Before you were born, kids listened to hot singles on small vinyl disks with a big chunky hole in the middle. They were played at a speed of 45 rpm rather than the usual 33 1/3 rpms that larger albums were played at. We called them 45s. On one side, they had the song you wanted to hear. On the other side, the put something that probably wasn’t the best thing the same band had ever done, but before the age of streaming, having a song you didn’t already know to play over and over was cool.

The side with the hit was the A side. The other side was the B side. This post is about the B side.

Every Monday, I walk the park, binoculars and camera in hand, waiting for something to present itself. I shoot tons of photos and after a few hours, I go home and figure out what I saw and what to say about it. I find it hard to believe that this haphazard system has kept the blog going for two years now, but apparently it has. The weather and a bad cold have kept me out of the Park this week, but that’s where the B side comes in. I have a lot of photos that never got used. Until now.

The photo at the top is a ladybug with no spots. This is absolutely not interesting. Except I love the photo. One day, I will do a whole post on ladybugs, but for now, she goes on the B side.

This is a mockingbird. The reason this photo exists is that I had such a weird angle on the bird (below looking up) that I couldn’t ID it and tried for quite a while to turn it into something interesting. I took as many photos as I could, so that when I went home to figure things out, I would have captured the one definitive element that proved this was a rare and interesting bird. It wasn’t. But I love the expression on his face. Pure B side.

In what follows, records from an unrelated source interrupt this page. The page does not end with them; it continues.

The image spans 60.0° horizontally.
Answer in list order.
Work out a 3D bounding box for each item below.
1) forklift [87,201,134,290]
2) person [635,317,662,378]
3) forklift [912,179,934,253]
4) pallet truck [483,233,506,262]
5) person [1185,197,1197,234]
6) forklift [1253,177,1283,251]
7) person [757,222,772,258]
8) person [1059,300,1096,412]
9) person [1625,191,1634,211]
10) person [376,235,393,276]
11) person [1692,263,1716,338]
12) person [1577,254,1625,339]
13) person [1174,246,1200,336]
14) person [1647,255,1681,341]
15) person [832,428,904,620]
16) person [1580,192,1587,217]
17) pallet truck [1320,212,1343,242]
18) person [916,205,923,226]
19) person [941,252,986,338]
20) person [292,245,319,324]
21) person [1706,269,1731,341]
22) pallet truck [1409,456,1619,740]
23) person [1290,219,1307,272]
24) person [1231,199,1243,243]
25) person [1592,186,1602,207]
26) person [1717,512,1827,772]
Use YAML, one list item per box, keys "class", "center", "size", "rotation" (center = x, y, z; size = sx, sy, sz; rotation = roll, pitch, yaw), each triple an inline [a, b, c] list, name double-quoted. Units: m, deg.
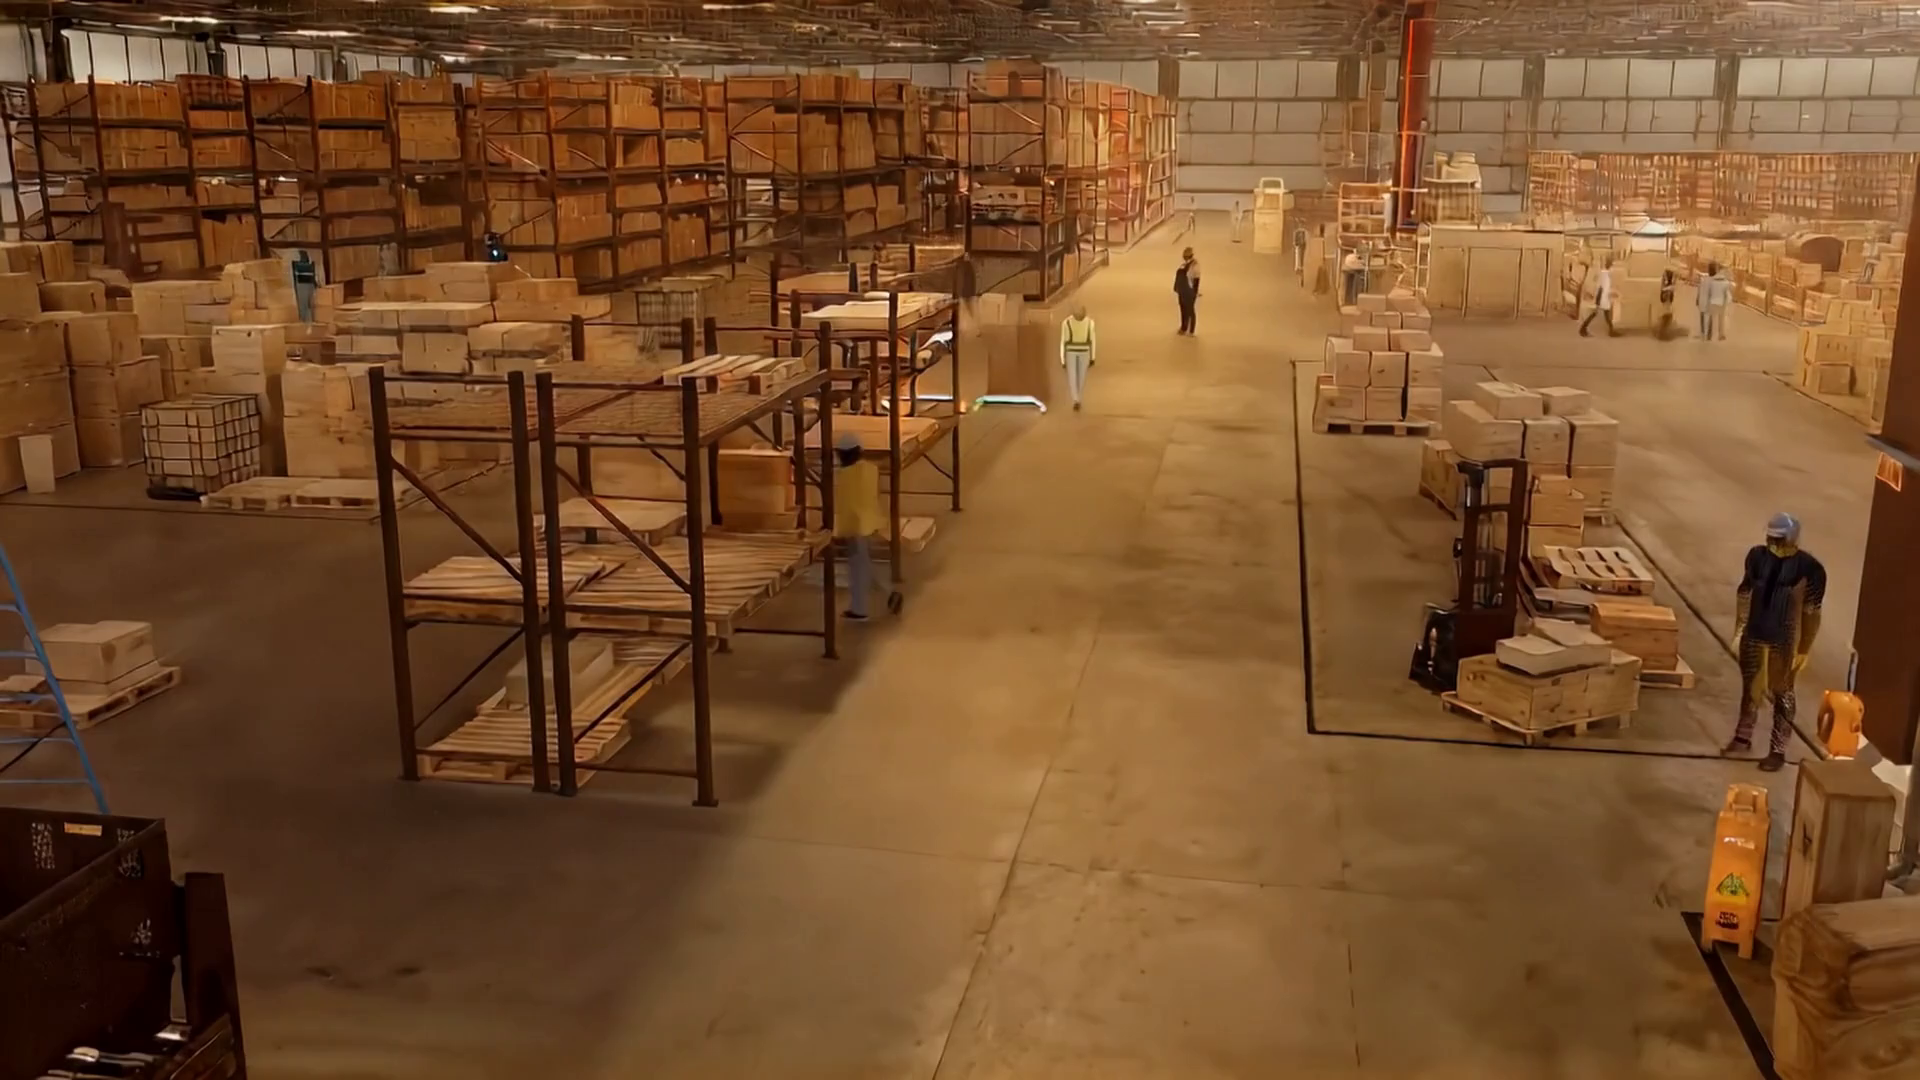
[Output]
- class: "forklift"
  center: [-21.761, -7.316, 42.907]
  size: [1.129, 2.768, 1.873]
  rotation: [11, 18, 37]
- class: "person"
  center: [-5.116, -2.882, 27.491]
  size: [0.527, 1.628, 0.418]
  rotation: [6, 15, 23]
- class: "forklift"
  center: [-1.962, -12.039, 62.081]
  size: [1.873, 2.768, 1.129]
  rotation: [2, 14, 9]
- class: "pallet truck"
  center: [-11.832, -7.026, 43.548]
  size: [1.885, 1.965, 0.823]
  rotation: [8, 16, 28]
- class: "person"
  center: [10.512, -14.762, 75.657]
  size: [0.540, 1.664, 0.837]
  rotation: [-5, 15, -19]
- class: "forklift"
  center: [12.083, -12.747, 64.956]
  size: [1.129, 2.768, 1.873]
  rotation: [3, 14, 10]
- class: "person"
  center: [-7.196, -11.251, 61.316]
  size: [0.539, 1.695, 0.318]
  rotation: [-5, 15, -20]
- class: "person"
  center: [1.993, -3.062, 27.791]
  size: [0.595, 1.834, 0.958]
  rotation: [-3, 14, -12]
- class: "person"
  center: [32.437, -16.059, 80.562]
  size: [0.404, 1.832, 0.599]
  rotation: [-7, 15, -26]
- class: "person"
  center: [-15.695, -7.405, 45.407]
  size: [0.430, 1.845, 0.619]
  rotation: [-7, 16, -28]
- class: "person"
  center: [16.900, -5.409, 37.601]
  size: [0.319, 1.695, 0.538]
  rotation: [-7, 16, -27]
- class: "person"
  center: [14.508, -5.496, 37.522]
  size: [1.033, 1.908, 0.616]
  rotation: [3, 14, 12]
- class: "person"
  center: [5.175, -5.702, 38.083]
  size: [0.536, 2.000, 0.683]
  rotation: [-5, 15, -18]
- class: "person"
  center: [15.705, -5.375, 36.992]
  size: [0.487, 1.922, 0.577]
  rotation: [6, 15, 22]
- class: "person"
  center: [-0.900, -0.118, 15.726]
  size: [0.623, 1.893, 0.590]
  rotation: [8, 16, 31]
- class: "person"
  center: [30.120, -16.049, 80.322]
  size: [0.443, 1.927, 0.648]
  rotation: [10, 17, 34]
- class: "pallet truck"
  center: [15.874, -13.227, 70.310]
  size: [0.680, 1.201, 1.601]
  rotation: [10, 17, 35]
- class: "person"
  center: [-1.841, -13.933, 72.051]
  size: [0.585, 1.790, 0.944]
  rotation: [1, 14, 4]
- class: "person"
  center: [0.114, -5.511, 37.511]
  size: [1.081, 1.933, 0.634]
  rotation: [-5, 15, -21]
- class: "person"
  center: [-15.908, -6.216, 40.451]
  size: [0.590, 1.910, 0.389]
  rotation: [-11, 17, -37]
- class: "person"
  center: [16.926, -5.256, 37.165]
  size: [0.526, 1.586, 0.809]
  rotation: [11, 18, 39]
- class: "pallet truck"
  center: [4.504, 0.400, 13.395]
  size: [0.823, 1.965, 1.885]
  rotation: [-6, 15, -23]
- class: "person"
  center: [11.265, -9.809, 55.378]
  size: [0.539, 1.739, 0.697]
  rotation: [3, 14, 12]
- class: "person"
  center: [11.592, -13.375, 69.693]
  size: [0.403, 1.825, 0.591]
  rotation: [-10, 17, -35]
- class: "person"
  center: [33.824, -17.969, 88.415]
  size: [0.647, 1.791, 0.959]
  rotation: [-12, 18, -40]
- class: "person"
  center: [5.952, 0.732, 12.182]
  size: [0.371, 1.934, 0.627]
  rotation: [-8, 16, -30]

We’ve all learned how bees flit from flower to flower collecting pollen which makes it all sound very industrious. Reality is more interesting. Bees are covered in tiny hairs. When a bee flies, the hairs acquire a positive static charge; the same mechanism as rubbing a balloon against your head. The pollen is also slightly charged, but it has a negative charge. When the bee approaches the flower, the pollen flies from the flower to the bee. This leaves us with bees, who were probably just looking for a sip of nectar now covered in pollen.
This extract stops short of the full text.